SEC. 4. Modification of authority to enter into agreements to provide nursing home care.

(a) Use of agreements.—

(1) IN GENERAL.—Paragraph (1) of section 1745(a) of title 38, United States Code, is amended, in the matter preceding subparagraph (A), by striking “a contract (or agreement under section 1720(c)(1) of this title)” and inserting “an agreement”.

(2) PAYMENT.—Paragraph (2) of such section is amended by striking “contract (or agreement)” each place it appears and inserting “agreement”.

(b) Exclusion of certain Federal contracting provisions.—Such section is amended by adding at the end the following new paragraph:

“(4) (A) An agreement under this section may be entered into without regard to any law that would require the Secretary to use competitive procedures in selecting the party with which to enter into the agreement.

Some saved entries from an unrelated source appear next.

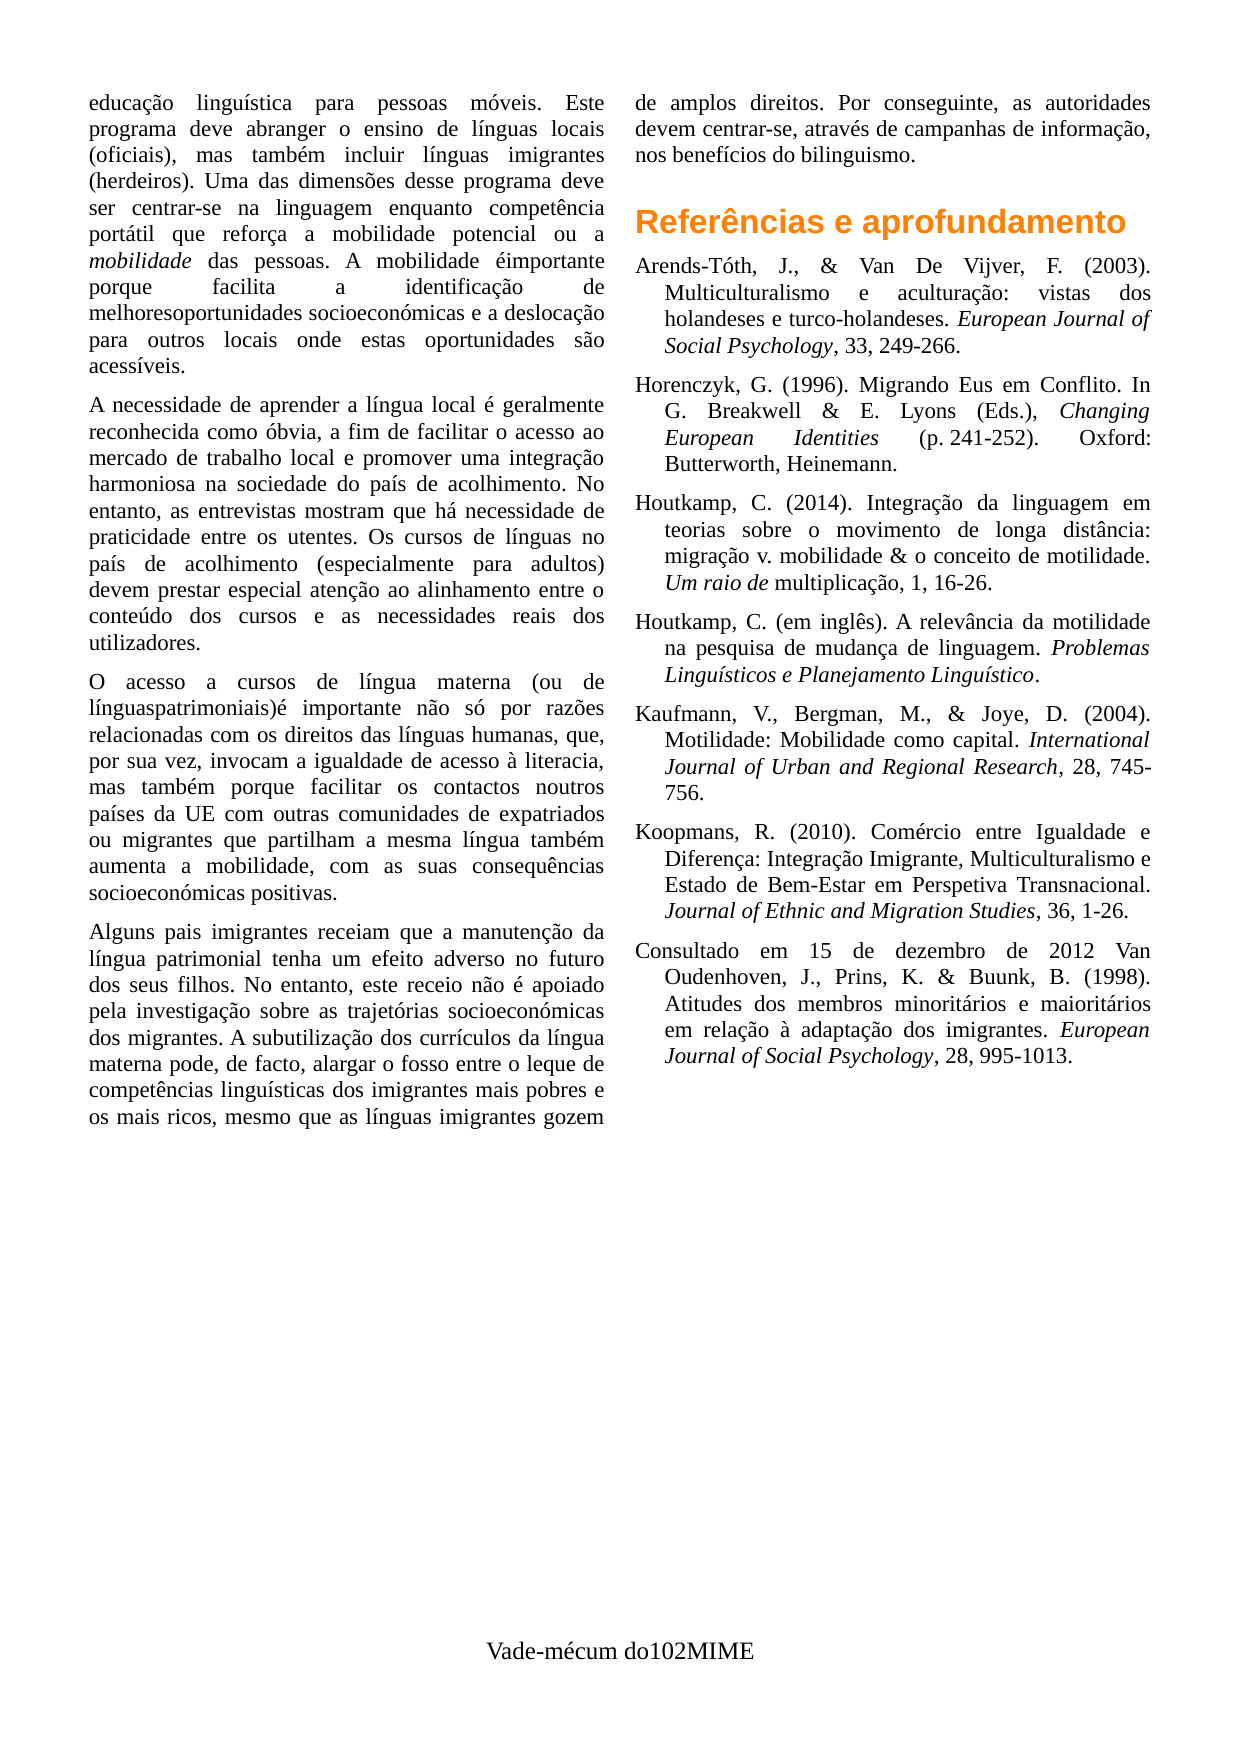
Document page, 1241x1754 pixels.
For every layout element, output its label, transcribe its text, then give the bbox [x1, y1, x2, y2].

text educação linguística para pessoas móveis. Este programa deve abranger o ensino de línguas locais (oficiais), mas também incluir línguas imigrantes (herdeiros). Uma das dimensões desse programa deve ser centrar-se na linguagem enquanto competência portátil que reforça a mobilidade potencial ou a mobilidade das pessoas. A mobilidade éimportante porque facilita a identificação de melhoresoportunidades socioeconómicas e a deslocação para outros locais onde estas oportunidades são acessíveis. [88, 88, 605, 378]
text Houtkamp, C. (2014). Integração da linguagem em teorias sobre o movimento de longa distância: migração v. mobilidade & o conceito de motilidade. Um raio de multiplicação, 1, 16-26. [635, 489, 1152, 595]
text de amplos direitos. Por conseguinte, as autoridades devem centrar-se, através de campanhas de informação, nos benefícios do bilinguismo. [635, 88, 1152, 168]
text A necessidade de aprender a língua local é geralmente reconhecida como óbvia, a fim de facilitar o acesso ao mercado de trabalho local e promover uma integração harmoniosa na sociedade do país de acolhimento. No entanto, as entrevistas mostram que há necessidade de praticidade entre os utentes. Os cursos de línguas no país de acolhimento (especialmente para adultos) devem prestar especial atenção ao alinhamento entre o conteúdo dos cursos e as necessidades reais dos utilizadores. [88, 391, 605, 655]
text Consultado em 15 de dezembro de 2012 Van Oudenhoven, J., Prins, K. & Buunk, B. (1998). Atitudes dos membros minoritários e maioritários em relação à adaptação dos imigrantes. European Journal of Social Psychology, 28, 995-1013. [635, 937, 1152, 1069]
subtitle Referências e aprofundamento [635, 201, 1152, 240]
text Horenczyk, G. (1996). Migrando Eus em Conflito. In G. Breakwell & E. Lyons (Eds.), Changing European Identities (p. 241-252). Oxford: Butterworth, Heinemann. [635, 371, 1152, 476]
text Houtkamp, C. (em inglês). A relevância da motilidade na pesquisa de mudança de linguagem. Problemas Linguísticos e Planejamento Linguístico. [635, 608, 1152, 687]
text Alguns pais imigrantes receiam que a manutenção da língua patrimonial tenha um efeito adverso no futuro dos seus filhos. No entanto, este receio não é apoiado pela investigação sobre as trajetórias socioeconómicas dos migrantes. A subutilização dos currículos da língua materna pode, de facto, alargar o fosso entre o leque de competências linguísticas dos imigrantes mais pobres e os mais ricos, mesmo que as línguas imigrantes gozem [88, 918, 605, 1129]
text Koopmans, R. (2010). Comércio entre Igualdade e Diferença: Integração Imigrante, Multiculturalismo e Estado de Bem-Estar em Perspetiva Transnacional. Journal of Ethnic and Migration Studies, 36, 1-26. [635, 818, 1152, 924]
text Arends-Tóth, J., & Van De Vijver, F. (2003). Multiculturalismo e aculturação: vistas dos holandeses e turco-holandeses. European Journal of Social Psychology, 33, 249-266. [635, 253, 1152, 358]
text Kaufmann, V., Bergman, M., & Joye, D. (2004). Motilidade: Mobilidade como capital. International Journal of Urban and Regional Research, 28, 745-756. [635, 700, 1152, 805]
text O acesso a cursos de língua materna (ou de línguaspatrimoniais)é importante não só por razões relacionadas com os direitos das línguas humanas, que, por sua vez, invocam a igualdade de acesso à literacia, mas também porque facilitar os contactos noutros países da UE com outras comunidades de expatriados ou migrantes que partilham a mesma língua também aumenta a mobilidade, com as suas consequências socioeconómicas positivas. [88, 668, 605, 905]
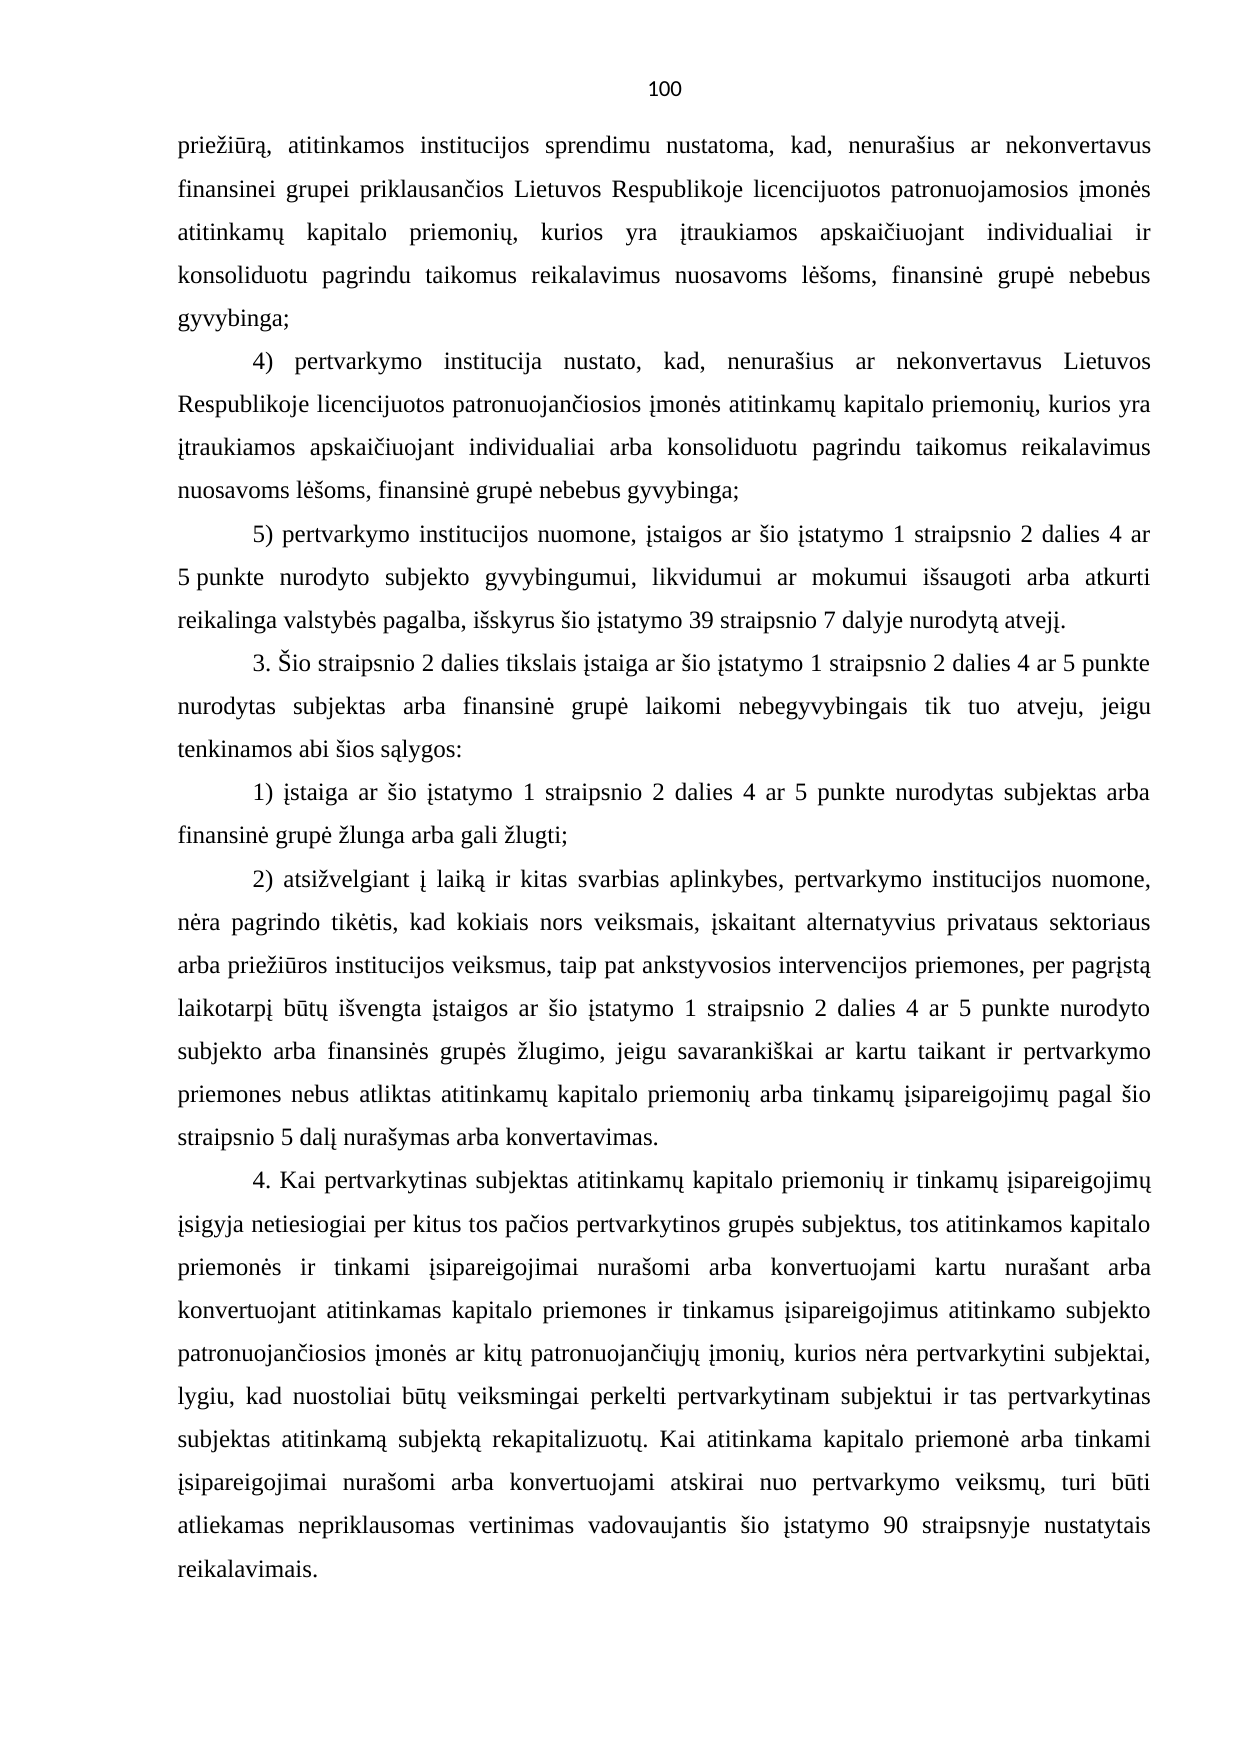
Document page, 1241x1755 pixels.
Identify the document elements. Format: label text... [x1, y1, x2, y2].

text 2) atsižvelgiant į laiką ir kitas svarbias aplinkybes, pertvarkymo institucijos nuomone, nėra pagrindo tikėtis, kad kokiais nors veiksmais, įskaitant alternatyvius privataus sektoriaus arba priežiūros institucijos veiksmus, taip pat ankstyvosios intervencijos priemones, per pagrįstą laikotarpį būtų išvengta įstaigos ar šio įstatymo 1 straipsnio 2 dalies 4 ar 5 punkte nurodyto subjekto arba finansinės grupės žlugimo, jeigu savarankiškai ar kartu taikant ir pertvarkymo priemones nebus atliktas atitinkamų kapitalo priemonių arba tinkamų įsipareigojimų pagal šio straipsnio 5 dalį nurašymas arba konvertavimas. [177, 864, 1152, 1151]
text priežiūrą, atitinkamos institucijos sprendimu nustatoma, kad, nenurašius ar nekonvertavus finansinei grupei priklausančios Lietuvos Respublikoje licencijuotos patronuojamosios įmonės atitinkamų kapitalo priemonių, kurios yra įtraukiamos apskaičiuojant individualiai ir konsoliduotu pagrindu taikomus reikalavimus nuosavoms lėšoms, finansinė grupė nebebus gyvybinga; [177, 131, 1152, 332]
text 5) pertvarkymo institucijos nuomone, įstaigos ar šio įstatymo 1 straipsnio 2 dalies 4 ar 5 punkte nurodyto subjekto gyvybingumui, likvidumui ar mokumui išsaugoti arba atkurti reikalinga valstybės pagalba, išskyrus šio įstatymo 39 straipsnio 7 dalyje nurodytą atvejį. [177, 519, 1152, 634]
text 1) įstaiga ar šio įstatymo 1 straipsnio 2 dalies 4 ar 5 punkte nurodytas subjektas arba finansinė grupė žlunga arba gali žlugti; [177, 777, 1152, 849]
text 4. Kai pertvarkytinas subjektas atitinkamų kapitalo priemonių ir tinkamų įsipareigojimų įsigyja netiesiogiai per kitus tos pačios pertvarkytinos grupės subjektus, tos atitinkamos kapitalo priemonės ir tinkami įsipareigojimai nurašomi arba konvertuojami kartu nurašant arba konvertuojant atitinkamas kapitalo priemones ir tinkamus įsipareigojimus atitinkamo subjekto patronuojančiosios įmonės ar kitų patronuojančiųjų įmonių, kurios nėra pertvarkytini subjektai, lygiu, kad nuostoliai būtų veiksmingai perkelti pertvarkytinam subjektui ir tas pertvarkytinas subjektas atitinkamą subjektą rekapitalizuotų. Kai atitinkama kapitalo priemonė arba tinkami įsipareigojimai nurašomi arba konvertuojami atskirai nuo pertvarkymo veiksmų, turi būti atliekamas nepriklausomas vertinimas vadovaujantis šio įstatymo 90 straipsnyje nustatytais reikalavimais. [177, 1166, 1152, 1582]
text 4) pertvarkymo institucija nustato, kad, nenurašius ar nekonvertavus Lietuvos Respublikoje licencijuotos patronuojančiosios įmonės atitinkamų kapitalo priemonių, kurios yra įtraukiamos apskaičiuojant individualiai arba konsoliduotu pagrindu taikomus reikalavimus nuosavoms lėšoms, finansinė grupė nebebus gyvybinga; [177, 346, 1152, 504]
text 3. Šio straipsnio 2 dalies tikslais įstaiga ar šio įstatymo 1 straipsnio 2 dalies 4 ar 5 punkte nurodytas subjektas arba finansinė grupė laikomi nebegyvybingais tik tuo atveju, jeigu tenkinamos abi šios sąlygos: [177, 648, 1152, 763]

“(B) (i) Except as provided in clause (ii) and unless otherwise provided in this section or regulations prescribed pursuant to this section, a State home that enters into an agreement under this section is not subject to, in the carrying out of the agreement, any law that a provider described in subparagraph (D) is not subject to under the original Medicare fee-for-service program under parts A and B of title XVIII of the Social Security Act (42 U.S.C. 1395 et seq.) or the Medicaid program under title XIX of such Act (42 U.S.C. 1396 et seq.).

“(ii) The exclusion under clause (i) does not apply to laws regarding integrity, ethics, fraud, or that subject a person to civil or criminal penalties.

“(C) Title VII of the Civil Rights Act of 1964 (42 U.S.C. 2000e et seq.) shall apply with respect to any State home that enters into an agreement under this section.

“(D) A provider described in this subparagraph is one of the following:

“(i) A provider of services that has enrolled and entered into a provider agreement under section 1866(a) of the Social Security Act (42 U.S.C. 1395cc(a)).

“(ii) A physician or supplier that has enrolled and entered into a participation agreement under section 1842(h) of such Act (42 U.S.C. 1395u(h)).

“(iii) A provider of items and services receiving payment under a State plan under title XIX of such Act (42 U.S.C. 1396 et seq.) or a waiver of such a plan.”.

(c) Effective date.—The amendments made by this section shall apply to agreements entered into under section 1745 of such title on and after the date that is 30 days after the date of the enactment of this Act.